Cette forme de propagande s’adresse particulièrement aux femmes qui seraient acquises aux « idées fausses et erronées que le clergé a fait entrer dans leur cerveau »10. Quoi de plus logique alors que de choisir une ambassadrice pour faire rayonner ses œuvres théâtrales ? Félixa Blondiau (1875-1959), couturière encore adolescente, intègre la troupe de Jolimont dès ses débuts. Bien qu’autodidacte, elle y excelle grâce à une excellente mémoire et « un prodigieux instinct, une magistrale inspiration des choses du théâtre ».

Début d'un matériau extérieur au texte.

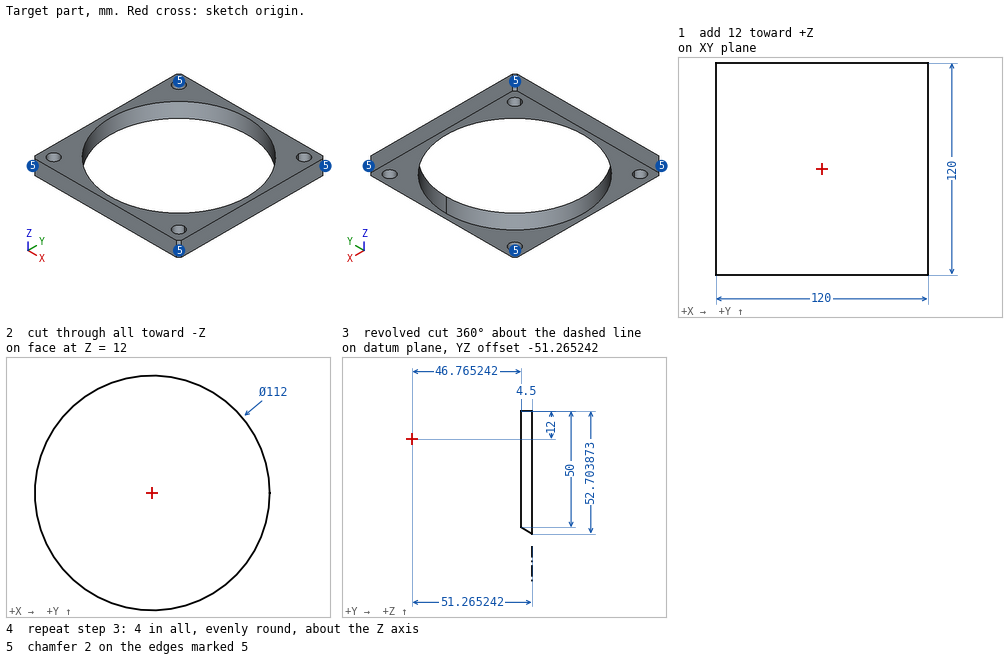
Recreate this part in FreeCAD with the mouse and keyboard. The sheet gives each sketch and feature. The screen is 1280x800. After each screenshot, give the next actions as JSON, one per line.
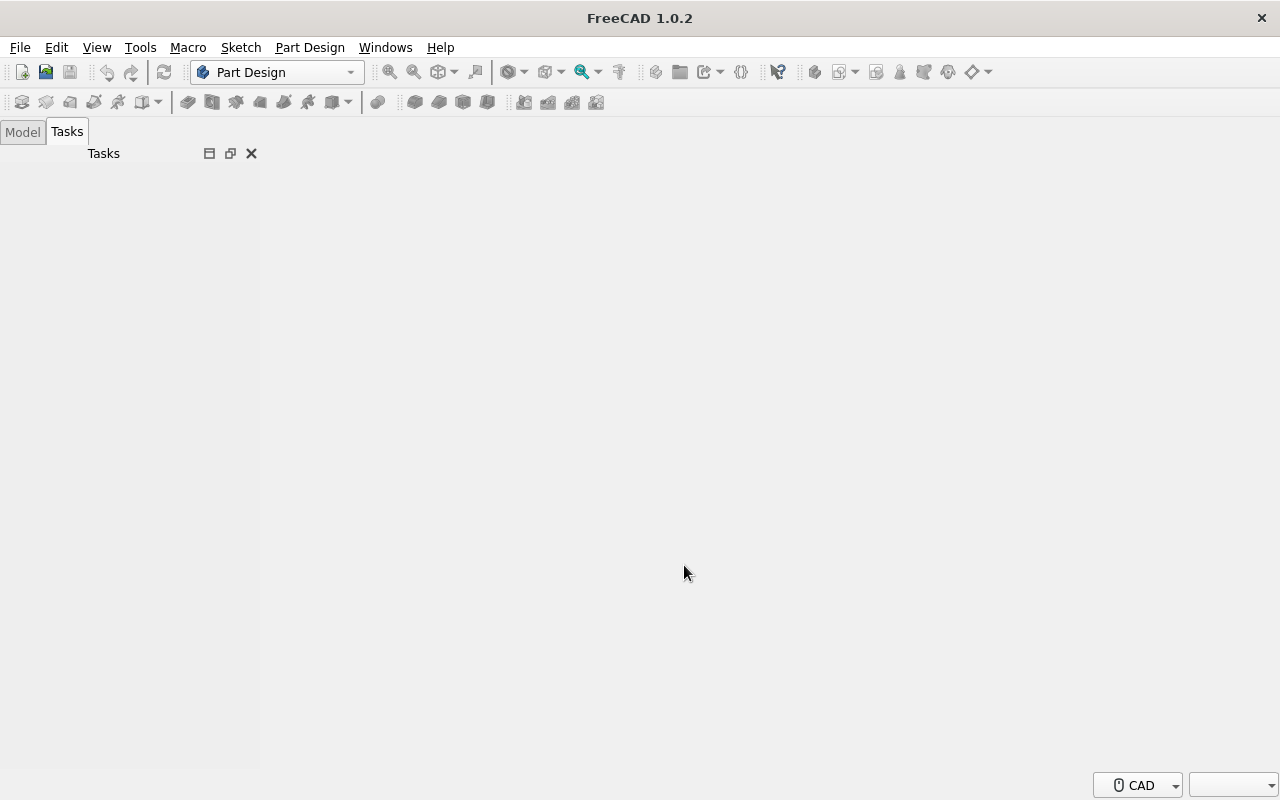
{"action": "key", "text": "ctrl+n"}
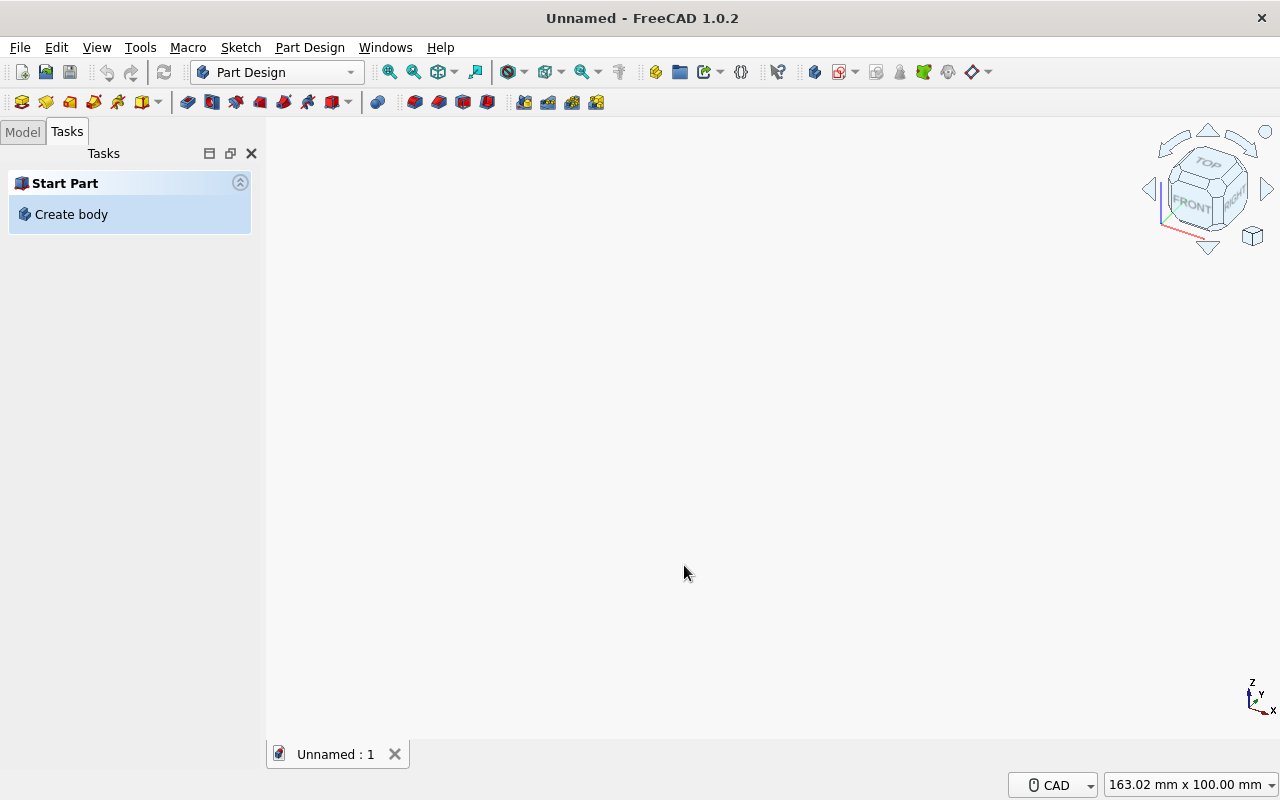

À la base de plusieurs cercles, Félixa Wart-Blondiau, mariée au directeur François Wart, fonde un autre cercle dramatique, les Plébéiennes, pour les jeunes ouvrières (1904). À partir des années 1910, elle commence à écrire des poèmes en français et en wallon. La décennie suivante voit sa consécration. L’actrice devient dramaturge en écrivant des pièces à succès, parmi lesquelles il faut citer « Madelon » (1920), « Lison et Lisette » (1921) ou « Florisa » (1921), « Les Sacrifiés » et « Pardon ».

7 Conclusion

Cette évocation avait pour objectif de replacer le cadre de la Maison du Peuple de Jolimont et de la société coopérative « Au Progrès ». De manière certaine, les thèmes qui ont été ici développés permettront de donner un éclairage sur l’héritage de ce mouvement et d’ouvrir des pistes quant à une exploitation plus approfondie de ce patrimoine sous quelque forme que ce soit En effet, le mot d’ordre est maintenant à la valorisation, d’une part, pour faire connaître les réalisations qui ont permis aux ouvriers de s’unir et d’apporter une solution concrète pour améliorer leurs conditions de vie et, d’autre part, pour sauver les derniers vestiges – bâtiments ou archives – qui existent encore ici et là

Pour les habitants de la Région du Centre, il y a matière à être fier des combats que leurs prédécesseurs ont menés parce que, au-delà des rivalités idéologiques entre les grands partis traditionnels, ce sont avant tout des hommes et des femmes qui ont assuré un meilleur avenir aux générations qui les ont suivis. Des visionnaires, tels que Théophile Massart, et des acteurs de la vie quotidienne, comme Félixa Wart-Blondiau, méritent de ce fait d’être honorés dans la mémoire collective.